I have been trying to find comments, reviews, and examples from current or alumni of the BU program. 

Has anyone on this board heard much about BU MFA Film Prod.? I was accepted but didn't receive much in financial support. Want to see if the program is worth the possible debt I will acquire.


----------



## gavrisr (Mar 26, 2012)

Hi LaurenRose,

I have posted a very similar topic about BU a few weeks ago and I havent gotten any replies for it. 

I was too accepted at their Film Production course with a Dean's Scholarship, however I am not sure what to do yet. I dont like the fact that it has less choices for practical courses compared to other schools, and there is also a significant amount of theory which I wanted to avoid since I feel I have done enough during my undergraduate degree. 

For the moment I am considering BU, Emerson and FSU. BU will be a good choice financially for me, but Emerson and FSU have more choices and on-hands practice than BU from what I understood, which is what I prefer. FSU is quite expensive though and I have not been offered financial aid there (Emerson scholarships still pending). 

Nevertheless, I hear that Boston is a great city and after talking to BU's faculty I was told that they are making significant changes and trying to improve and expand their program, plus they have a department in LA that one of their alumni founded, and also connections for possible internships after you graduate. 

I may not know much about the U.S. or about American Universities, but in my opinion if you are talented and passionate about what you study then there are always opportunities and ways to make it in the industry no matter how prestige a post-graduate school is or what is its ranking.

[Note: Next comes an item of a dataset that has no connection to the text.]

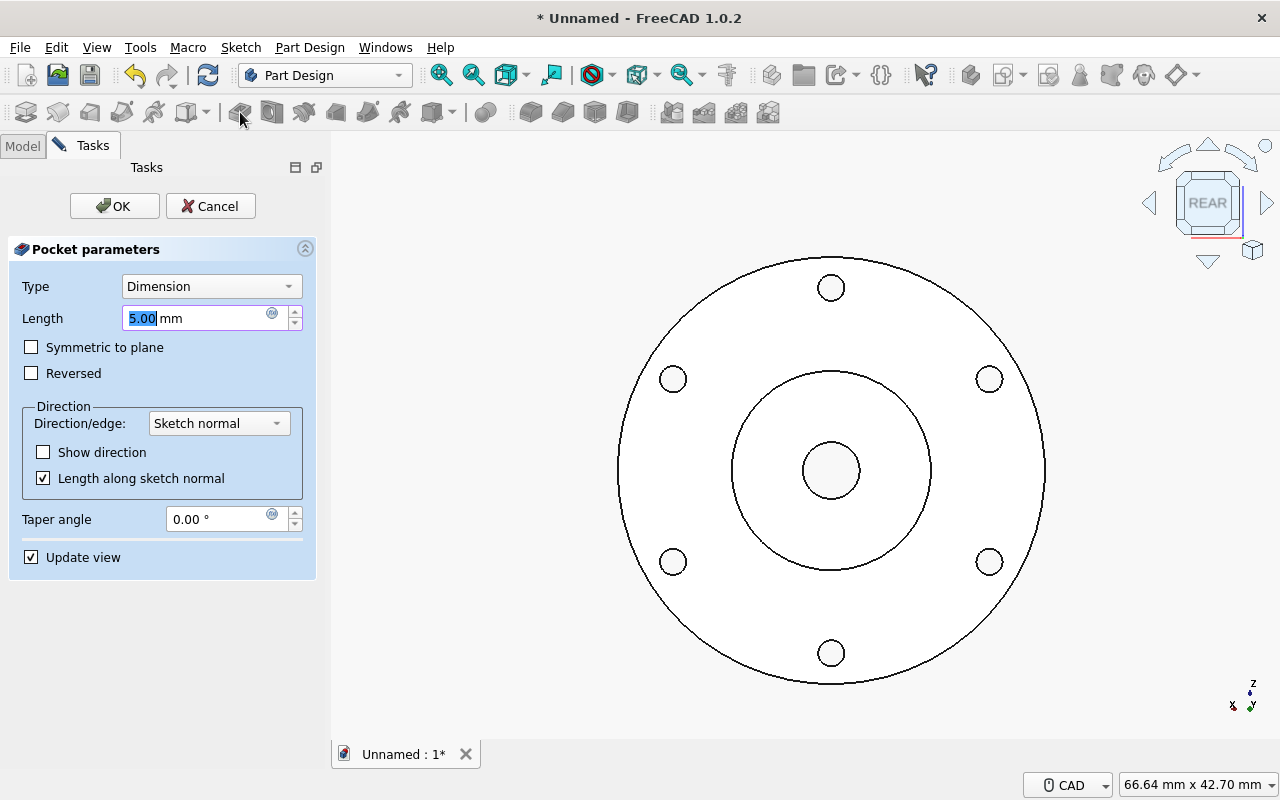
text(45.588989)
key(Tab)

Good luck with your decision.


----------



## LaurenRose (Mar 28, 2012)

Thank you so much for replying. 

I am considering BU but I was offered no financial  assistance. So for me, it's quite a bit of money for a school I cannot find too much about. I did sign up for the scholarship waiting list. Just wanted to get as much information as possible. So far, BU is the only grad school I have been accepted to which has a narrative option. My other choices are strictly documentary.


----------